Though the list is sure to change as the 2020 season moves along, we've subjectively ranked the top 50 players in MLB as of right now. Our ground rules included:
- Track Records: What players did in 2019 takes precedence, but what came before also had relevance. And while we didn't ignore the postseason, we focused primarily on the regular season.
- Upside and Downside: We tried to identify players with the potential to improve or regress. Players' peripherals and ages were instructive in this regard.
- Health: It's difficult to count injured players among the league's best.
- No Prospects: It's also hard to count players with limited or no major league experience among the league's best.
We'll begin with some honorable mentions and then start counting down the top 50.
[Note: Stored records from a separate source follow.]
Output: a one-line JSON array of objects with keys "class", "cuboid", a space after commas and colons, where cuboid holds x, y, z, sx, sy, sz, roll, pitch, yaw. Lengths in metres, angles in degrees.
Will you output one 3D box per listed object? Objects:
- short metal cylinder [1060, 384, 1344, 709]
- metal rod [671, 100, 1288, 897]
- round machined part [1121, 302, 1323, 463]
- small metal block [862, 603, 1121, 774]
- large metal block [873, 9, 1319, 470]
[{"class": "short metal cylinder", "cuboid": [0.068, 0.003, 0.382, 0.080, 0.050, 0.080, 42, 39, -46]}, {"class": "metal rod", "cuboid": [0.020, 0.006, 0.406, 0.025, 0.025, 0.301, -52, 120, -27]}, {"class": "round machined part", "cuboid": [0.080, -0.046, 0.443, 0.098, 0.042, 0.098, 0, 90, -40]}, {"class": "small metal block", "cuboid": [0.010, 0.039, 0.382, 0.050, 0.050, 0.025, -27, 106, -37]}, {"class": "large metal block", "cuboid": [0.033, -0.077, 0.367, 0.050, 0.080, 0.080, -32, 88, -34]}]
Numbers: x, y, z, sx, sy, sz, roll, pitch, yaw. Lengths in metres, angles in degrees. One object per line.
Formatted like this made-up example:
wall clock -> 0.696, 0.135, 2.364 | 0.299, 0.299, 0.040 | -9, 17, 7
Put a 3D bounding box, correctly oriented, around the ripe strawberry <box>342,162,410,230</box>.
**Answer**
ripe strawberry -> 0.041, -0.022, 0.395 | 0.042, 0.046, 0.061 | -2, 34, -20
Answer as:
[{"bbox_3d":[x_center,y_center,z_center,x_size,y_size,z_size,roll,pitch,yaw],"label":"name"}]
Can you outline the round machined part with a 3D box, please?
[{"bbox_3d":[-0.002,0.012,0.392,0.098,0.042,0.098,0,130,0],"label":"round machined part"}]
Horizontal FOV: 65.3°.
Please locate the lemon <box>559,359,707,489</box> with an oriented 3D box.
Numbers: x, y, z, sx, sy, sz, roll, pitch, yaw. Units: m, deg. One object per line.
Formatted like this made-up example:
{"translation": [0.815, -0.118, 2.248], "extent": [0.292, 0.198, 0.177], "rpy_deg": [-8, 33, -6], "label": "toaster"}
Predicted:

And now for some guys who came oh-so-close to making the cut before they ultimately had to be left behind to make room for everyone else.
- Ozzie Albies, 2B, Atlanta Braves
- Tim Anderson, SS, Chicago White Sox
- Jose Altuve, 2B, Houston Astros
- Michael Brantley, LF, Houston Astros
- Kris Bryant, 3B/OF, Chicago Cubs
- Max Kepler, RF, Minnesota Twins
- J.D. Martinez, DH/OF, Boston Red Sox
- Eugenio Suarez, 3B, Cincinnati Reds
- Trea Turner, SS, Washington Nationals
- Jose Berrios, RHP, Minnesota Twins
- Shane Bieber, RHP, Cleveland Indians
- Luis Castillo, RHP, Cincinnati Reds
- Zack Greinke, RHP, Houston Astros
- Kyle Hendricks, RHP, Chicago Cubs
- Clayton Kershaw, LHP, Los Angeles Dodgers
- Hyun-Jin Ryu, LHP, Toronto Blue Jays
- Chris Sale, LHP, Boston Red Sox
- Mike Soroka, RHP, Atlanta Braves
- Noah Syndergaard, RHP, New York Mets
- Shohei Ohtani, DH/RHP, Los Angeles Angels
50-41: Mike Clevinger-Nelson Cruz
50. Mike Clevinger, RHP, Cleveland Indians
2019 WAR: 4.2
After being held to only 21 starts by back and ankle injuries in 2019, Mike Clevinger is looking for a healthier season in 2020. Otherwise, it's hard to ask for more from a guy who has a 2.96 ERA since 2017 and has quietly fit among MLB's top hurlers with a .264 xwOBA in 2019.
49. Blake Snell, LHP, Tampa Bay Rays
2019 WAR: 1.4
Blake Snell's follow-up to his Cy Young Award-winning 2018 season didn't go so great, as he finished 2019 with a 4.29 ERA in just 23 starts. But because he maintained electric stuff and eye-popping peripherals—he also had a .264 xwOBA—he should be in for a turnaround in 2020.
48. Lance Lynn, RHP, Texas Rangers
2019 WAR: 7.6
There's something a tad fishy about Lance Lynn finishing 2019 with a higher WAR than Gerrit Cole. But to give credit where it's due, there's nothing wrong with a 3.67 ERA and a 4.2 strikeout-to-walk ratio over 208.1 innings. Lynn can regress from that and still be an outstanding starter.
47. Sonny Gray, RHP, Cincinnati Reds
2019 WAR: 5.6
Last winter, the Cincinnati Reds made a big bet that Sonny Gray wasn't finished as a star. He proved them right by spinning the hell out of the ball and posting a 2.87 ERA last season, mainly by way of a career-best strikeout rate and a top-10 ground-ball percentage. More of that will keep him on course.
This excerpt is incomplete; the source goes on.